Stolichnaya vodka is rebranding to just “Stoli” to distance itself from the Russian hordes invading Ukraine, the spirit-maker has announced.
Although Stoli is the name many Americans have always used to request the beloved adult libation, Stoli Group is officially dropping the chnaya to reflect “the founder’s vehement position on the Putin regime” as well as its employees’ “determination to take action.” The company also hopes the name change will “accurately represent Stoli’s roots in Latvia,” it said in a statement on Friday.
In the statement, Russian-born Stoli Group founder Yuri Shefler said he was exiled from Russia in 2000 for his opposition to Russian President Vladimir Putin.
“Today, we have made the decision to rebrand entirely as the name no longer represents our organization. More than anything, I wish for ‘Stoli’ to represent peace in Europe and solidarity with Ukraine,” Shefler said.
Although Stoli has been produced in Latvia since 2000, the company sought to make that abundantly clear last week when reports began surfacing that drinkers and merchants were fixing to ban what they believed to be Russian vodkas in the U.S. and around the world. Vodka is the top-selling spirit in the U.S., bringing in $7.3 billion a year in revenue, so that’s a lot of liquor some people are mistakingly pouring down the drain.
“As the Founder of SPI Group of companies, I have personally experienced persecution by the Russian authorities and I share the pain of Ukraine and its people,” Shefler said in an earlier statement when stores began removing his spirit from shelves.

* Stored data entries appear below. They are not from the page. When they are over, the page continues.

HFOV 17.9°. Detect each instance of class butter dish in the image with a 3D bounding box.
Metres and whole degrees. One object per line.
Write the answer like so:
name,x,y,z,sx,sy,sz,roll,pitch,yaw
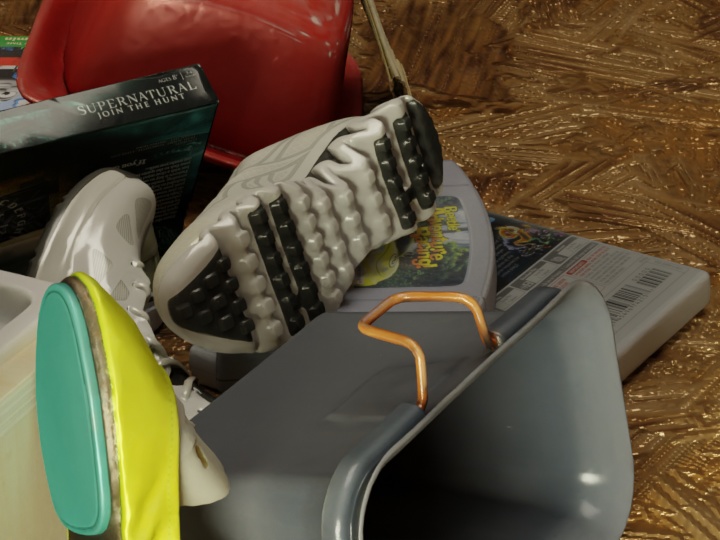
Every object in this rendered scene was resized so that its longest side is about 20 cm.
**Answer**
butter dish,-0.076,-0.156,1.307,0.200,0.148,0.200,18,30,-8

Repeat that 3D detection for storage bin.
storage bin,0.002,0.080,0.925,0.134,0.146,0.200,4,27,33

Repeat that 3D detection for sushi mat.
sushi mat,0.021,-0.109,1.310,0.012,0.096,0.200,-21,29,4

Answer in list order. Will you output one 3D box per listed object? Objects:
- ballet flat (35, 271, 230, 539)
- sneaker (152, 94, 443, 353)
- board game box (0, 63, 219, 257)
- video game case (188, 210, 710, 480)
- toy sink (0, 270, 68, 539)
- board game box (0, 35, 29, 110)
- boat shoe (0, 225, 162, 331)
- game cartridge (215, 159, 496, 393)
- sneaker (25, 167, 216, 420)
ballet flat,-0.080,0.099,0.835,0.067,0.200,0.067,-3,3,-29
sneaker,-0.039,-0.019,1.065,0.081,0.075,0.200,0,23,34
board game box,-0.176,-0.032,1.140,0.200,0.135,0.028,-15,62,-25
video game case,0.047,0.028,1.128,0.182,0.023,0.200,17,34,31
toy sink,-0.172,0.062,0.891,0.130,0.200,0.112,11,31,24
board game box,-0.200,-0.085,1.341,0.151,0.037,0.200,1,29,6
boat shoe,-0.191,0.016,1.122,0.200,0.062,0.072,-17,31,-26
game cartridge,0.000,0.000,1.123,0.133,0.041,0.200,1,29,-1
sneaker,-0.101,0.044,1.039,0.115,0.076,0.201,12,52,9

However, as DistilleryTrail points out, Russia accounts for just 1.7 percent of all vodka imported to the U.S., according to data from the Distilled Spirits Council of the United States. To ensure that not even Russian ingredients end up in Stoli, the company also says it will “engage exclusively with Slovakian sources to further ensure 100% non-Russian alpha grade spirit.”
Smirnoff brand vodka is also suffering from misdirected anti-Russian sentiment. Although its roots date back to 19th century Russia—and although it shares its name with the greatest of all Russian exports—CNN notes that Smirnoff is actually owned by British spirits corporation Diageo and is produced in Illinois.